Above Implementation is based on the Pytorch Dataset (Map-Style Dataset with __get_item__ function to override). We present here an alternative implementation based on Pytorch IterableDataset. The advantage is for cases where frequent file seeking is costly or not possible.
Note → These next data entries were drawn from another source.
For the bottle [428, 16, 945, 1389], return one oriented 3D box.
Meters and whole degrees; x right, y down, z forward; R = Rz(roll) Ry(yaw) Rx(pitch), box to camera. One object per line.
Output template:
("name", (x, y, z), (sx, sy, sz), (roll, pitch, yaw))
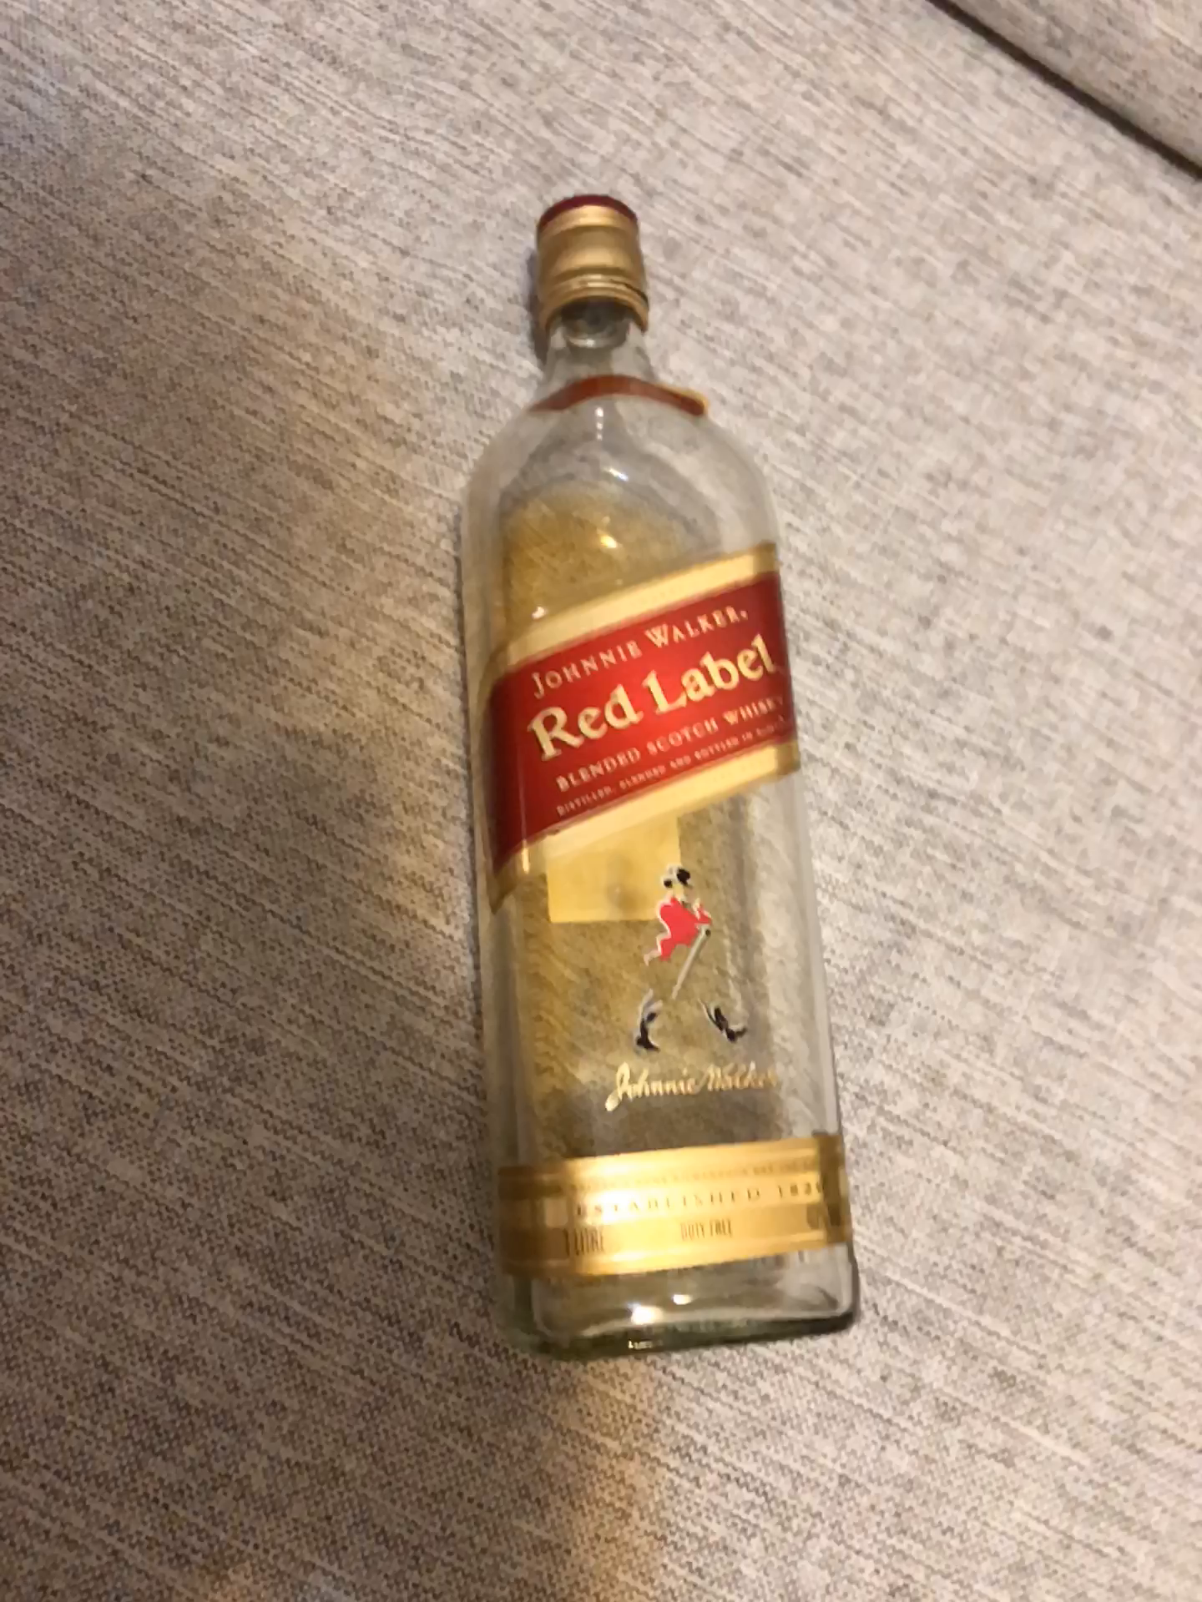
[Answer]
("bottle", (0.010, -0.031, 0.333), (0.090, 0.070, 0.310), (-1, 78, -12))
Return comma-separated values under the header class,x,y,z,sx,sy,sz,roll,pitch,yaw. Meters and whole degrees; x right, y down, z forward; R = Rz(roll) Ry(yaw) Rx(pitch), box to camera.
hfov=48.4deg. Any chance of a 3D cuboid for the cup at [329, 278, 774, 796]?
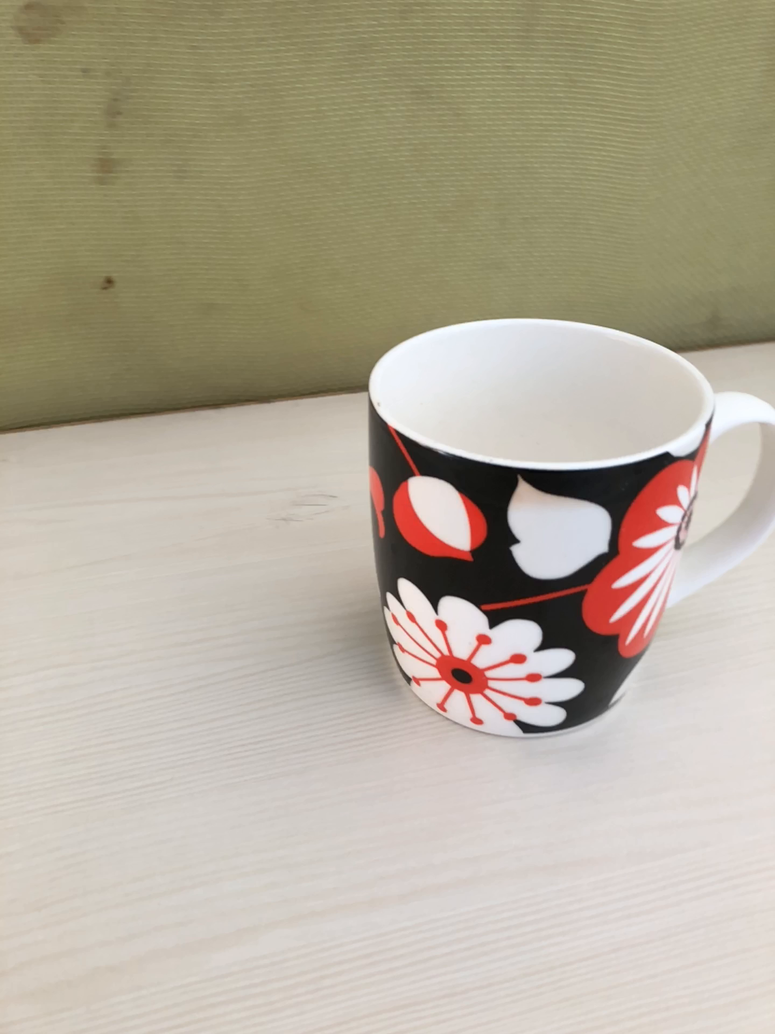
class,x,y,z,sx,sy,sz,roll,pitch,yaw
cup,0.057,-0.004,0.246,0.120,0.089,0.090,-13,34,-19
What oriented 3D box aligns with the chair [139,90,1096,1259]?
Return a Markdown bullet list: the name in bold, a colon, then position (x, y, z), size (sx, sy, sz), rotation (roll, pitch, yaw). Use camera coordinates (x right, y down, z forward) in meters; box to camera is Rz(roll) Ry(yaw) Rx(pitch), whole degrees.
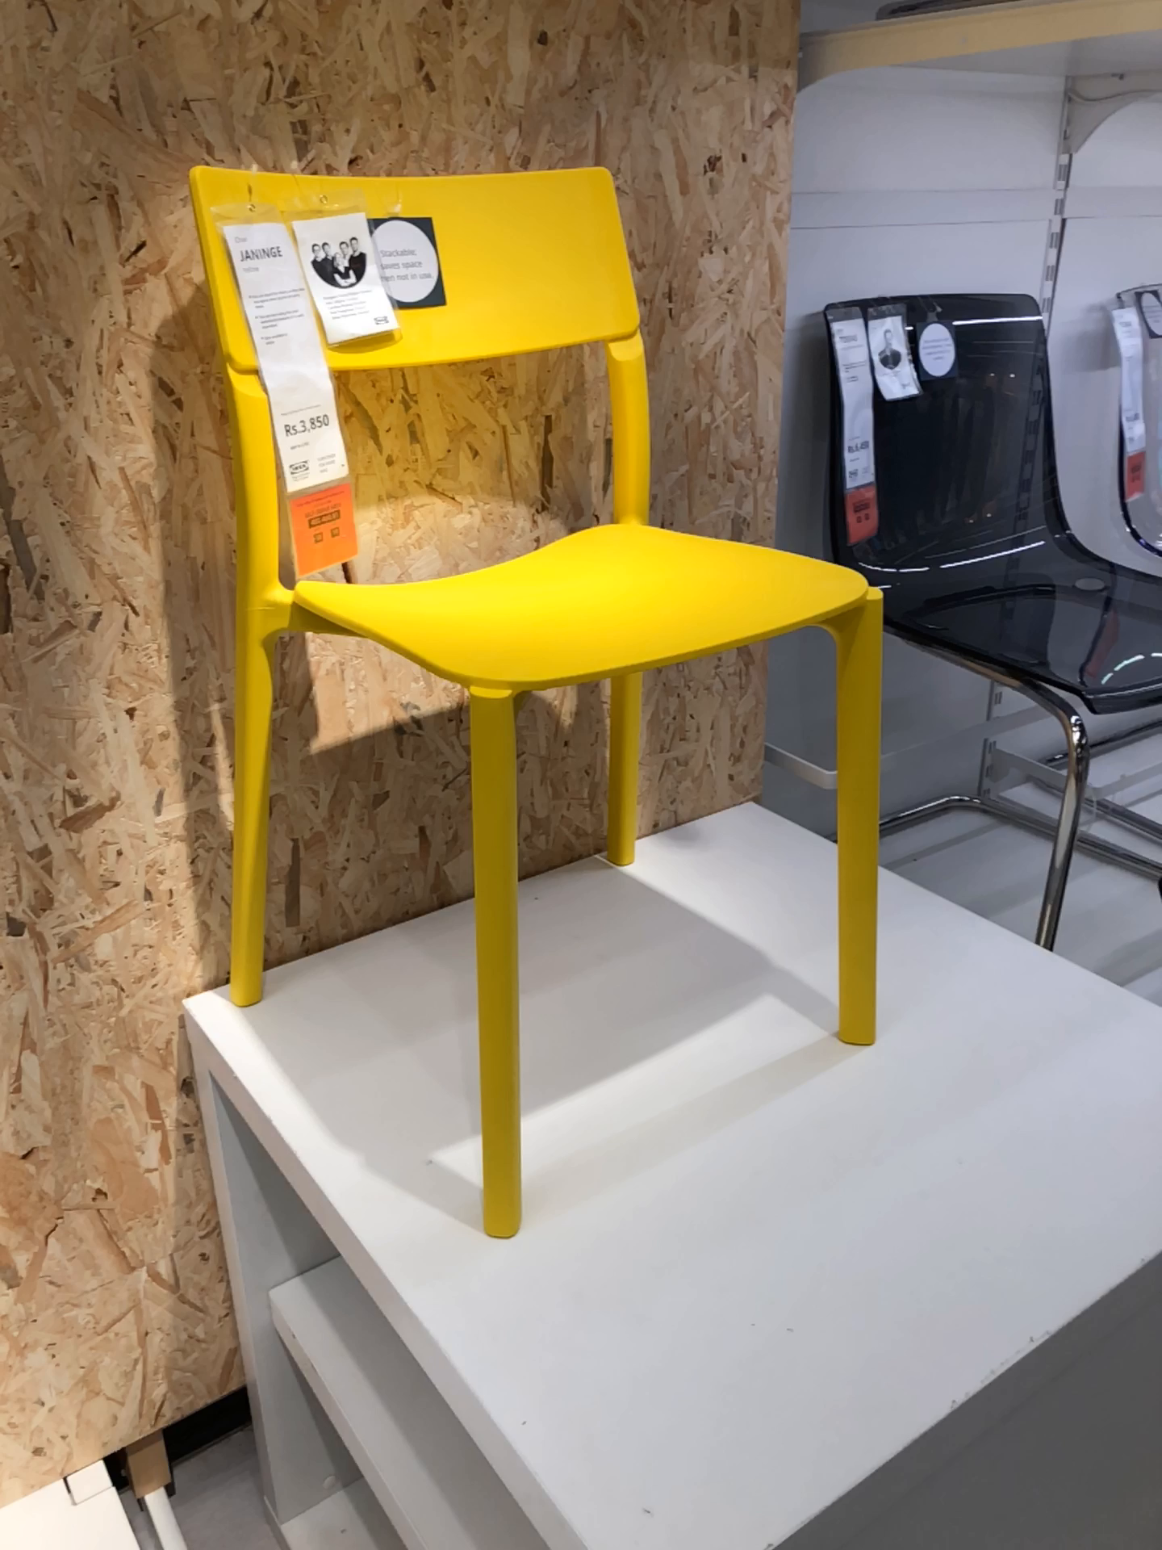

With it you can stream .raw files directly, without having to convert them to dat or h5 files. 

In [None]:
from metavision_ml.data.cd_processor_dataset import CDProcessorDataLoader
from metavision_core.utils import get_sample

# we grab a folder of .raw files
# if the file doesn't exist, it will be downloaded from Prophesee's public sample server 
files = ["driving_sample.raw","hand_spinner.raw", "spinner.raw", "80_balls.raw"]

for file in files:
    get_sample(file)
    assert os.path.isfile(file)

dataloader = CDProcessorDataLoader(
    files,
    mode='n_events',
    delta_t=0,
    n_events=10000,
    max_duration=10000000,
    preprocess_function_name="diff",
    height=240,
    width=320,
    num_tbins=5,
    batch_size=4,
    num_workers=2,
    load_labels=None,
    padding_mode='zeros')


In [None]:
from metavision_ml.data.sequential_dataset_common import show_dataloader

show = show_dataloader(
    dataloader,
    dataloader.height,
    dataloader.width,
    dataloader.batch_size,
    dataloader.get_vis_func(),
    None)

if os.environ.get("DOC_DISPLAY", "ON") != "OFF":
    cv2.namedWindow('stream_dataloader')
    for frame in show:
        cv2.imshow('stream_dataloader', frame[..., ::-1])
        key = cv2.waitKey(1)
        if key == 27:
            break
    cv2.destroyWindow('stream_dataloader')